All pictures are to be excluded when the data below is output verbatim.

Segment Start: The data

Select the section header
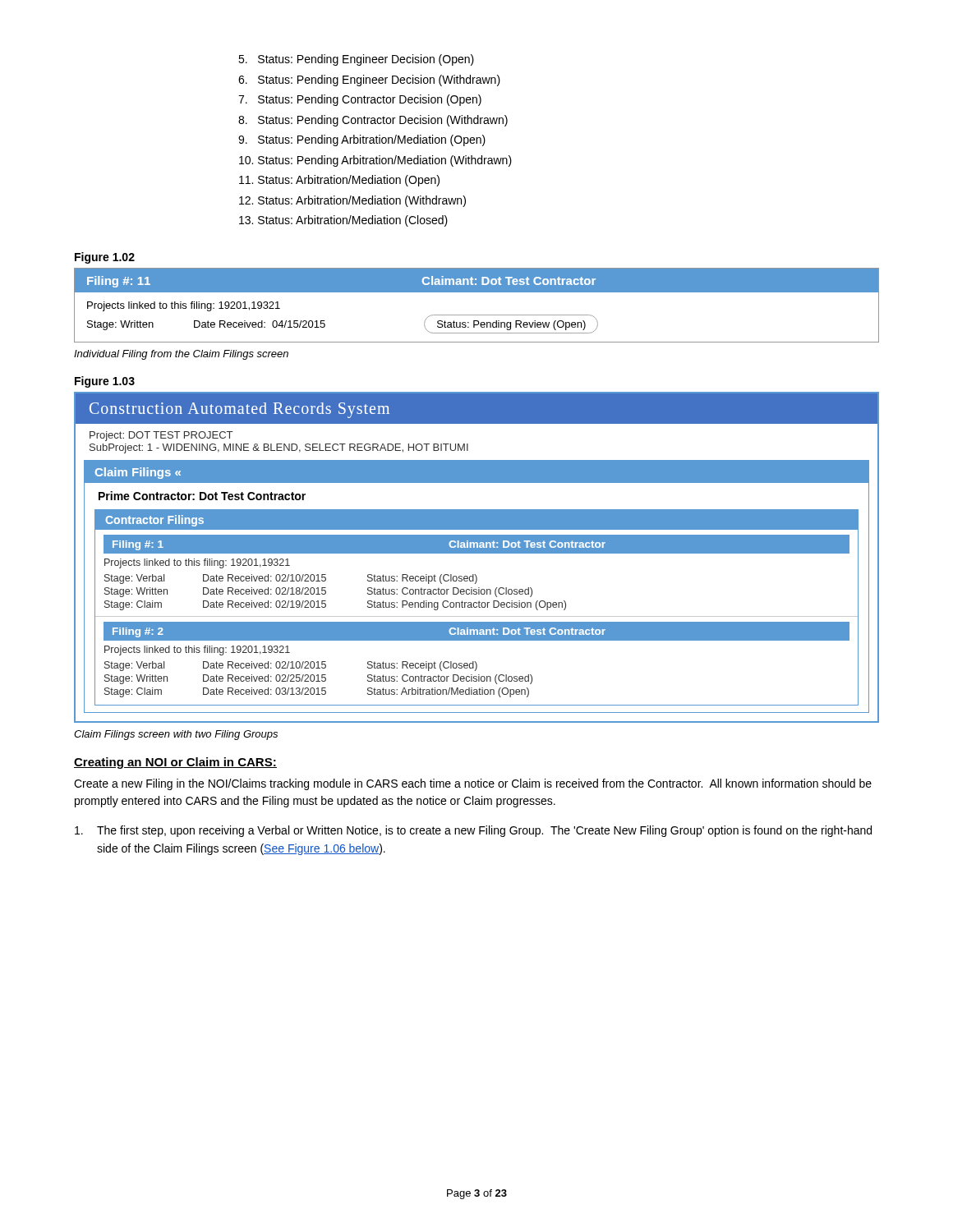 pos(175,761)
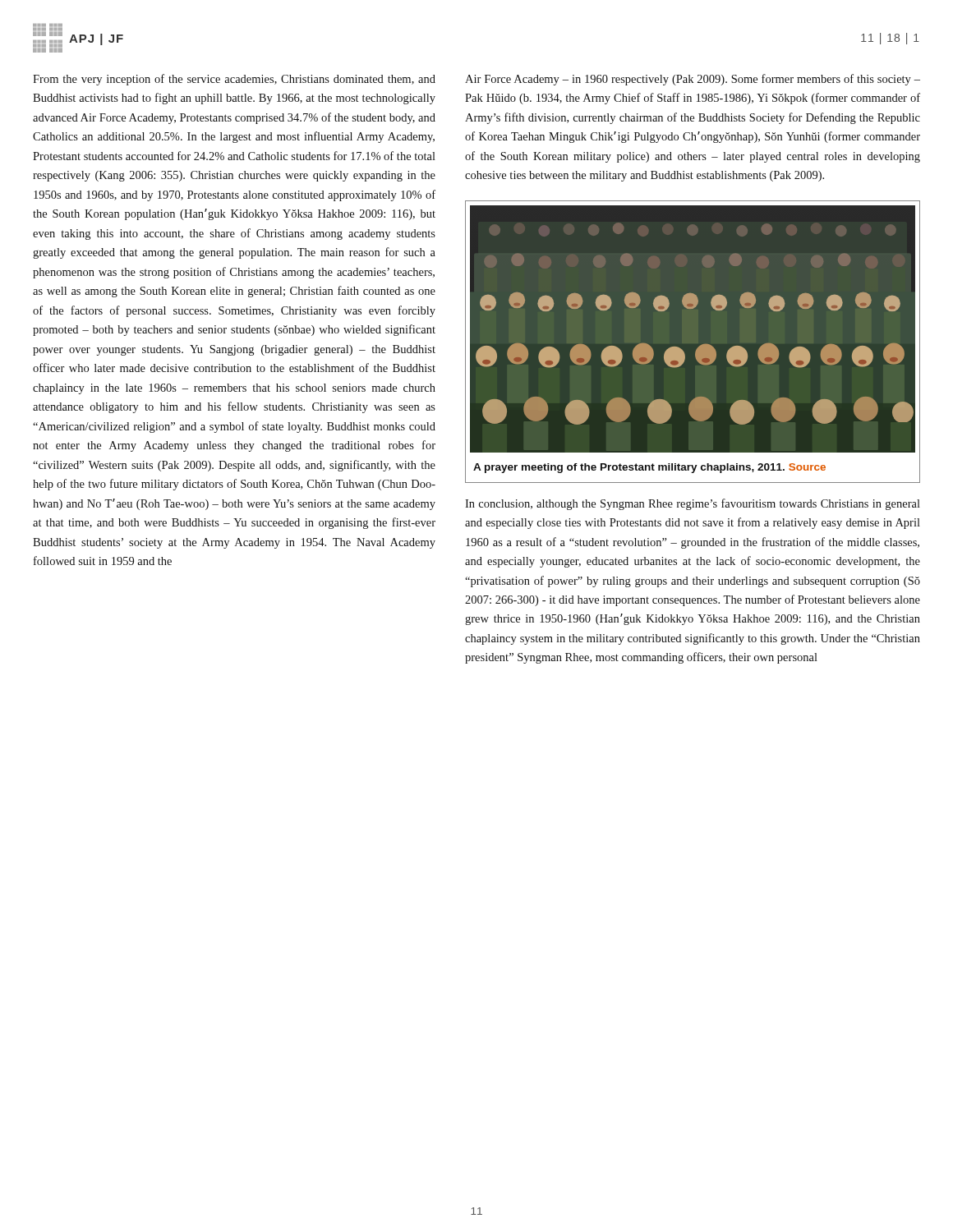Locate a photo
Viewport: 953px width, 1232px height.
[x=693, y=341]
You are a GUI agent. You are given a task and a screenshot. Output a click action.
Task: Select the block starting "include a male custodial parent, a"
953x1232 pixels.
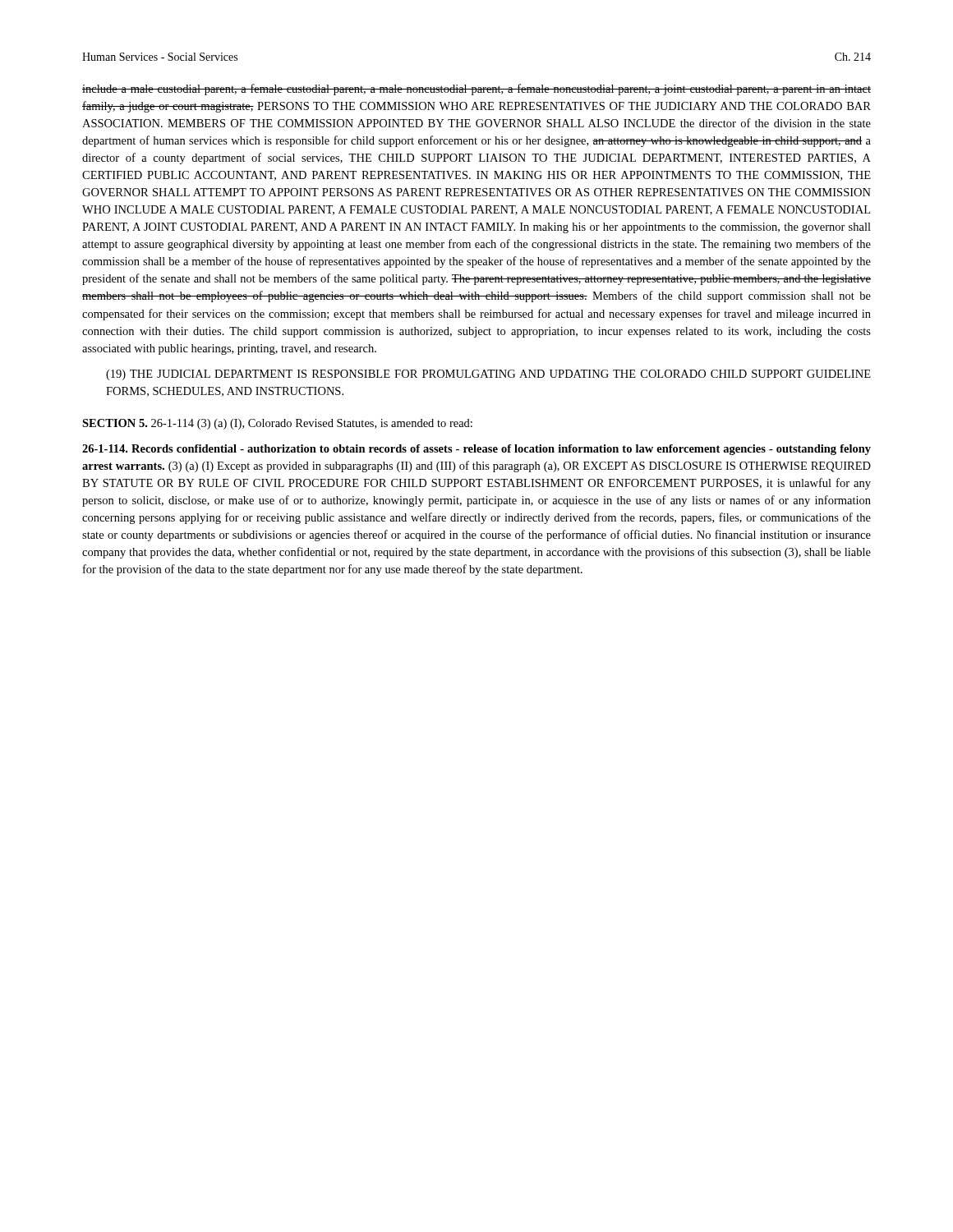[x=476, y=219]
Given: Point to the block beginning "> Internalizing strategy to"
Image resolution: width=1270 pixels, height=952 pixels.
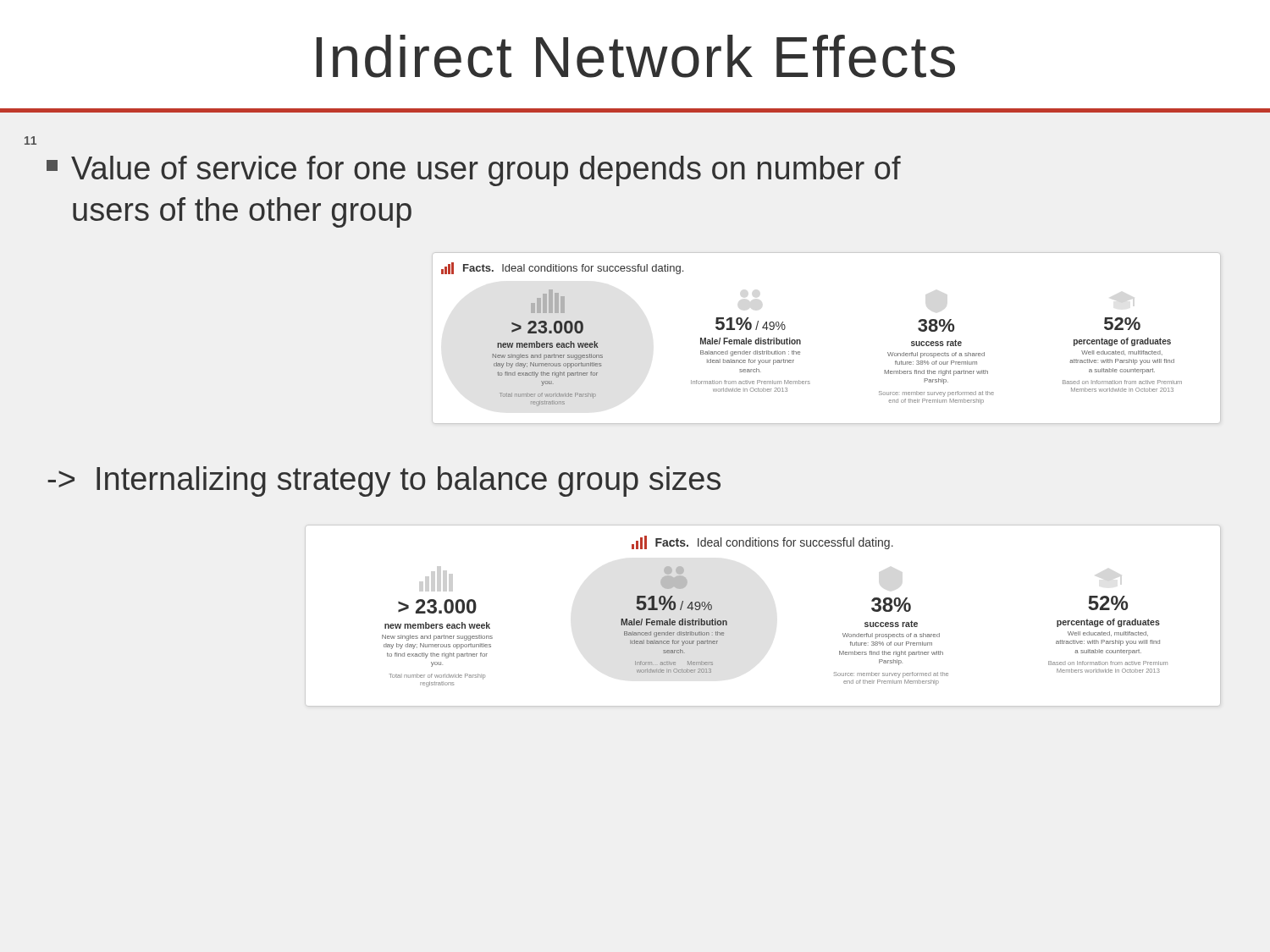Looking at the screenshot, I should (384, 479).
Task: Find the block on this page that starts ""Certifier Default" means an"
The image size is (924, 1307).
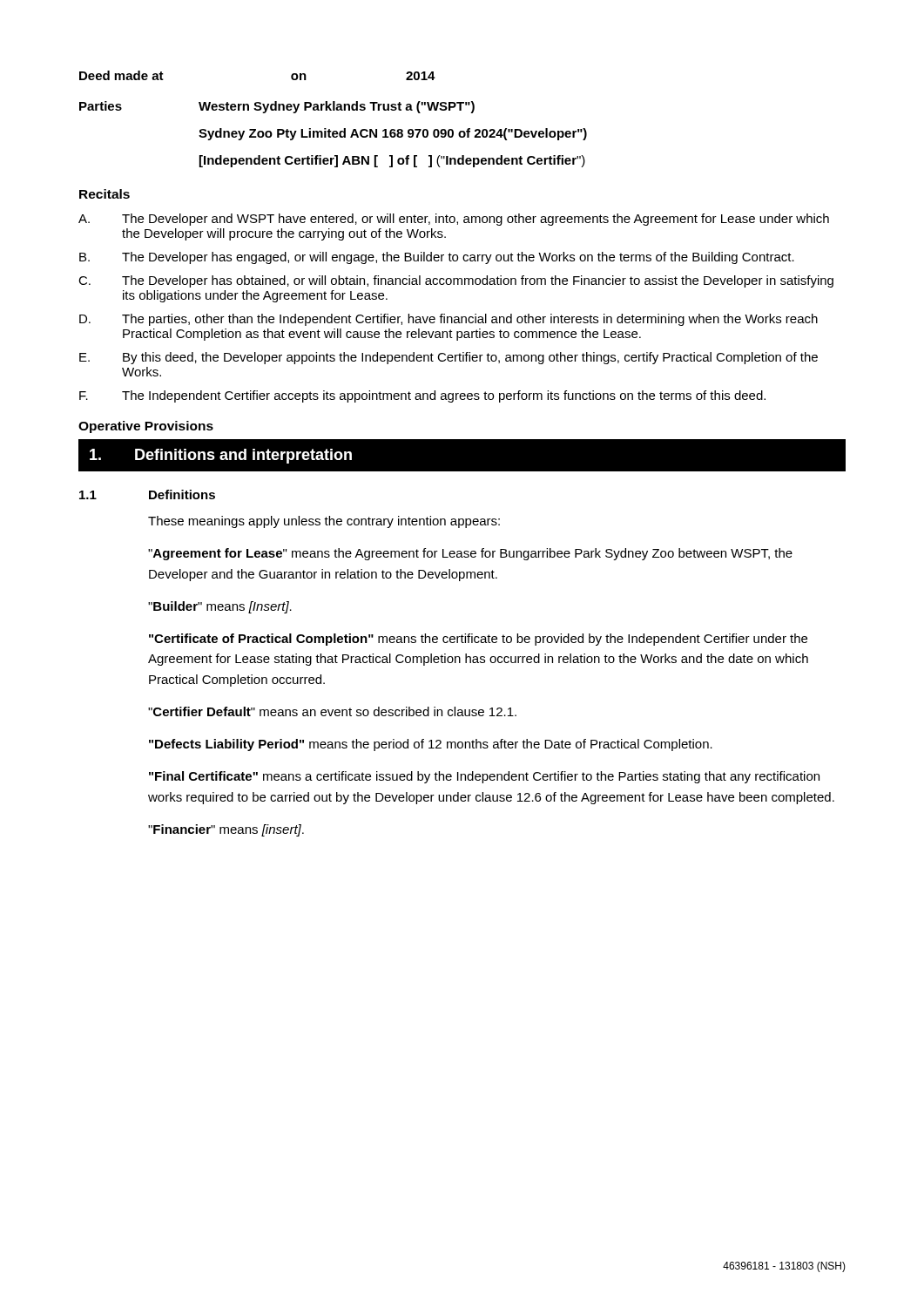Action: point(497,711)
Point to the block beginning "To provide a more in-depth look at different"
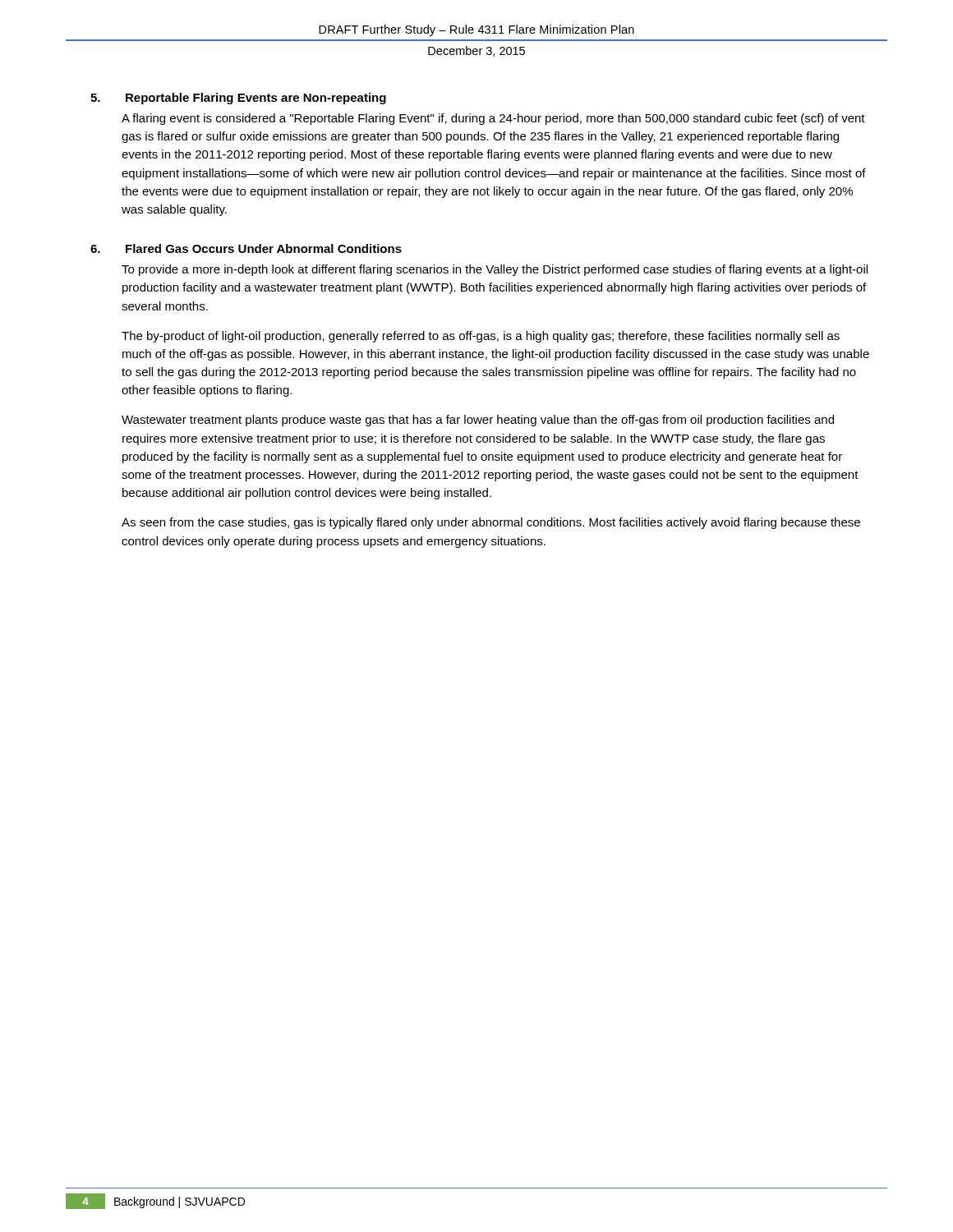953x1232 pixels. pyautogui.click(x=495, y=287)
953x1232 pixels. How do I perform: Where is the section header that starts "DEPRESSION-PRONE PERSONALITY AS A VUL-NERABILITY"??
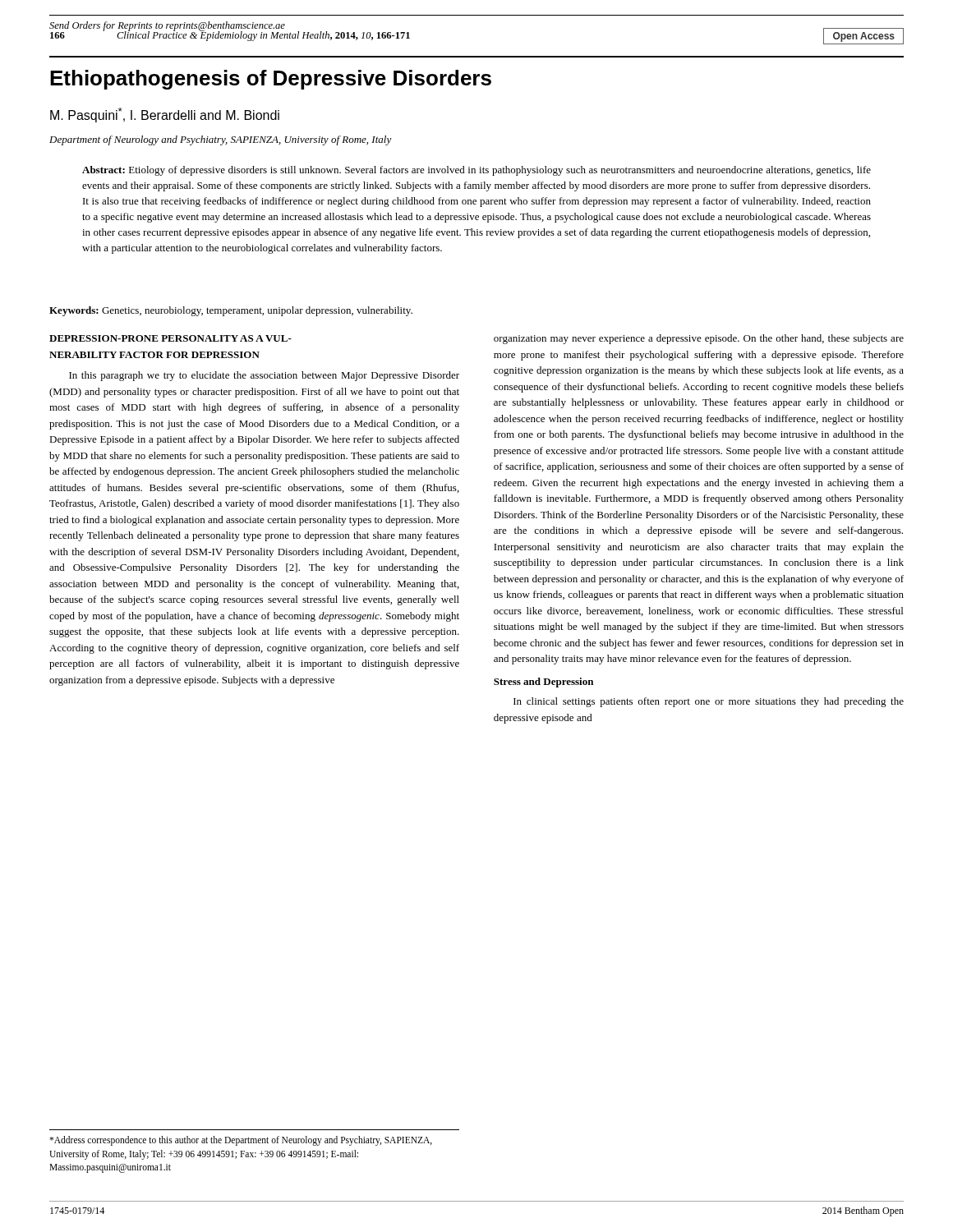170,346

Segment End: The data

**Problem solution:**
Select the section header
 pos(175,761)
Locate a photo
Viewport: 953px width, 1232px height.
[x=693, y=341]
You are a GUI agent. You are given a task and a screenshot. Output a click action.
Task: Select the block starting "include a male custodial parent, a"
953x1232 pixels.
[x=476, y=219]
Given: Point to the block beginning "> Internalizing strategy to"
Image resolution: width=1270 pixels, height=952 pixels.
Looking at the screenshot, I should (384, 479).
Task: Find the block on this page that starts ""Certifier Default" means an"
The image size is (924, 1307).
Action: point(497,711)
Point to the block beginning "To provide a more in-depth look at different"
953x1232 pixels. pyautogui.click(x=495, y=287)
953x1232 pixels. How do I perform: Where is the section header that starts "DEPRESSION-PRONE PERSONALITY AS A VUL-NERABILITY"??
170,346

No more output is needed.